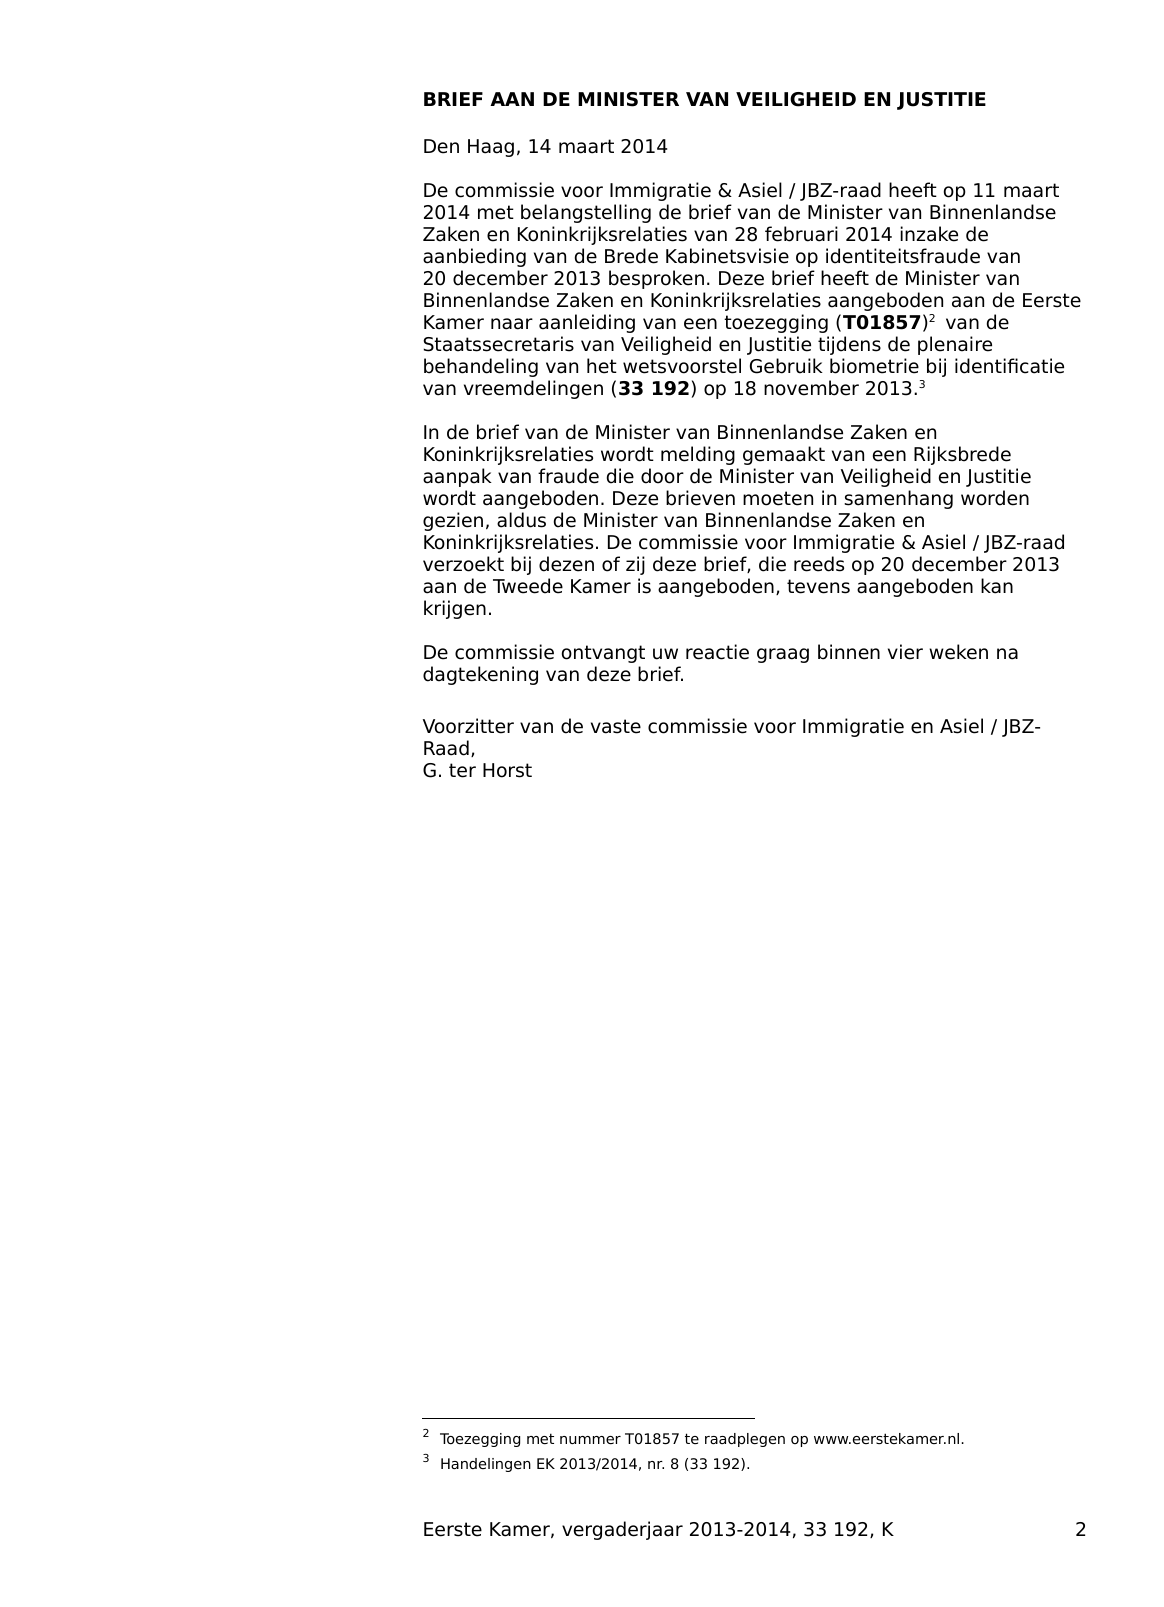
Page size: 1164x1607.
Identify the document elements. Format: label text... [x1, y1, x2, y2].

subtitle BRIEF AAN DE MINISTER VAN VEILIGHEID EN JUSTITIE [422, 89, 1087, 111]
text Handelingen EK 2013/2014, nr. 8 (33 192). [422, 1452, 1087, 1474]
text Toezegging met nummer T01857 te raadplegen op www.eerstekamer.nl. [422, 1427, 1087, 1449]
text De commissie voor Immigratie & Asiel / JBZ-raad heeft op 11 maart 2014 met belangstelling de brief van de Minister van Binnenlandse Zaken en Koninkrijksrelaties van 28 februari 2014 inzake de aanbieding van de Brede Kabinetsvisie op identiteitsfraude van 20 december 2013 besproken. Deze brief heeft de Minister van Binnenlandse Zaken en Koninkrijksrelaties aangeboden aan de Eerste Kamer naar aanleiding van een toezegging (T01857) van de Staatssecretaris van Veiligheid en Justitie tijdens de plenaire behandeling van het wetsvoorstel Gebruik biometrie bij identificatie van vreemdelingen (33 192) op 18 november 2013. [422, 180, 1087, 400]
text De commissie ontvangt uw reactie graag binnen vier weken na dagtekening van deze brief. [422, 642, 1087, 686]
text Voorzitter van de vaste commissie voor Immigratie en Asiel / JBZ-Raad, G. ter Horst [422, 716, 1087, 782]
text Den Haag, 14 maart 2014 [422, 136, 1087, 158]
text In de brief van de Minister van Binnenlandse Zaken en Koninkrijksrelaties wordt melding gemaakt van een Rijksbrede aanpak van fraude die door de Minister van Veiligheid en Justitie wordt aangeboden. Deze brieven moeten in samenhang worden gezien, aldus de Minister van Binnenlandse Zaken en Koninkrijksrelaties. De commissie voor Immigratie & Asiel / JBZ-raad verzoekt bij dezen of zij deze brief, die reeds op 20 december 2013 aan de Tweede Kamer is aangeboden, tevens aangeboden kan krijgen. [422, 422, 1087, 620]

§ INSTRUCTIONS FOR THE TASK
Begin at the first line of the data above and repeat each line exactly, stopping after the line containing "text Den Haag, 14". Omit the pictures.

§ OUTPUT FOR THIS EXERCISE
Page size: 1164x1607.
Identify the document elements. Format: label text... [x1, y1, x2, y2].

subtitle BRIEF AAN DE MINISTER VAN VEILIGHEID EN JUSTITIE [422, 89, 1087, 111]
text Handelingen EK 2013/2014, nr. 8 (33 192). [422, 1452, 1087, 1474]
text Toezegging met nummer T01857 te raadplegen op www.eerstekamer.nl. [422, 1427, 1087, 1449]
text De commissie voor Immigratie & Asiel / JBZ-raad heeft op 11 maart 2014 met belangstelling de brief van de Minister van Binnenlandse Zaken en Koninkrijksrelaties van 28 februari 2014 inzake de aanbieding van de Brede Kabinetsvisie op identiteitsfraude van 20 december 2013 besproken. Deze brief heeft de Minister van Binnenlandse Zaken en Koninkrijksrelaties aangeboden aan de Eerste Kamer naar aanleiding van een toezegging (T01857) van de Staatssecretaris van Veiligheid en Justitie tijdens de plenaire behandeling van het wetsvoorstel Gebruik biometrie bij identificatie van vreemdelingen (33 192) op 18 november 2013. [422, 180, 1087, 400]
text De commissie ontvangt uw reactie graag binnen vier weken na dagtekening van deze brief. [422, 642, 1087, 686]
text Voorzitter van de vaste commissie voor Immigratie en Asiel / JBZ-Raad, G. ter Horst [422, 716, 1087, 782]
text Den Haag, 14 maart 2014 [422, 136, 1087, 158]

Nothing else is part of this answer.